Segment Start: Available data

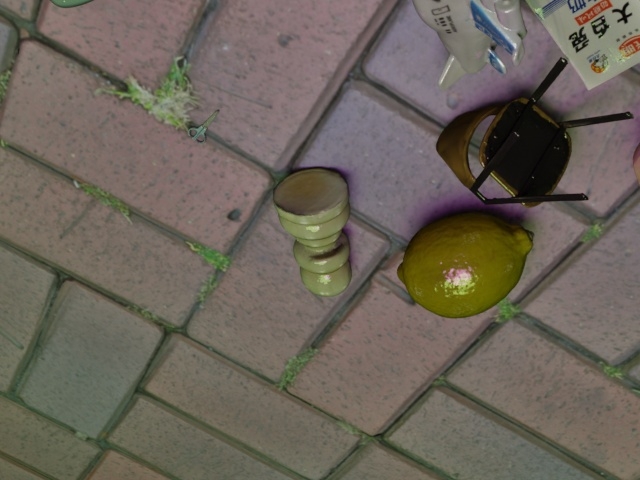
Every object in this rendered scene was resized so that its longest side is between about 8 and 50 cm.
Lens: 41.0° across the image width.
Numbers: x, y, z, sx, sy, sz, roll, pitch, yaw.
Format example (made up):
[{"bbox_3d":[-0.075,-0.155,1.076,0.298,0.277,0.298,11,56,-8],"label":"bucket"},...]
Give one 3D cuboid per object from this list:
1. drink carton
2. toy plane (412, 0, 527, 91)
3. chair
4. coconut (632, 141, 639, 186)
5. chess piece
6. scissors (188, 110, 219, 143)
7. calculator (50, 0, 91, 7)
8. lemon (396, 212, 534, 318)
[{"bbox_3d":[0.343,-0.370,1.171,0.130,0.107,0.315,-29,117,33],"label":"drink carton"},{"bbox_3d":[0.190,-0.326,1.188,0.122,0.267,0.267,-40,116,-7],"label":"toy plane"},{"bbox_3d":[0.302,-0.145,1.286,0.172,0.159,0.247,38,161,-9],"label":"chair"},{"bbox_3d":[0.585,-0.087,1.244,0.259,0.259,0.259,7,129,9],"label":"coconut"},{"bbox_3d":[0.000,0.000,1.547,0.133,0.133,0.243,1,134,13],"label":"chess piece"},{"bbox_3d":[-0.202,-0.203,1.504,0.036,0.006,0.083,38,127,-13],"label":"scissors"},{"bbox_3d":[-0.406,-0.423,1.375,0.152,0.021,0.095,-11,123,18],"label":"calculator"},{"bbox_3d":[0.248,0.042,1.466,0.248,0.184,0.184,-18,121,25],"label":"lemon"}]

Segment End: Available data

▶ **What you will do**: Give back the data exactly. Pictures stay out.

▶ **Response**:
Every object in this rendered scene was resized so that its longest side is between about 8 and 50 cm.
Lens: 41.0° across the image width.
Numbers: x, y, z, sx, sy, sz, roll, pitch, yaw.
Format example (made up):
[{"bbox_3d":[-0.075,-0.155,1.076,0.298,0.277,0.298,11,56,-8],"label":"bucket"},...]
Give one 3D cuboid per object from this list:
1. drink carton
2. toy plane (412, 0, 527, 91)
3. chair
4. coconut (632, 141, 639, 186)
5. chess piece
6. scissors (188, 110, 219, 143)
7. calculator (50, 0, 91, 7)
8. lemon (396, 212, 534, 318)
[{"bbox_3d":[0.343,-0.370,1.171,0.130,0.107,0.315,-29,117,33],"label":"drink carton"},{"bbox_3d":[0.190,-0.326,1.188,0.122,0.267,0.267,-40,116,-7],"label":"toy plane"},{"bbox_3d":[0.302,-0.145,1.286,0.172,0.159,0.247,38,161,-9],"label":"chair"},{"bbox_3d":[0.585,-0.087,1.244,0.259,0.259,0.259,7,129,9],"label":"coconut"},{"bbox_3d":[0.000,0.000,1.547,0.133,0.133,0.243,1,134,13],"label":"chess piece"},{"bbox_3d":[-0.202,-0.203,1.504,0.036,0.006,0.083,38,127,-13],"label":"scissors"},{"bbox_3d":[-0.406,-0.423,1.375,0.152,0.021,0.095,-11,123,18],"label":"calculator"},{"bbox_3d":[0.248,0.042,1.466,0.248,0.184,0.184,-18,121,25],"label":"lemon"}]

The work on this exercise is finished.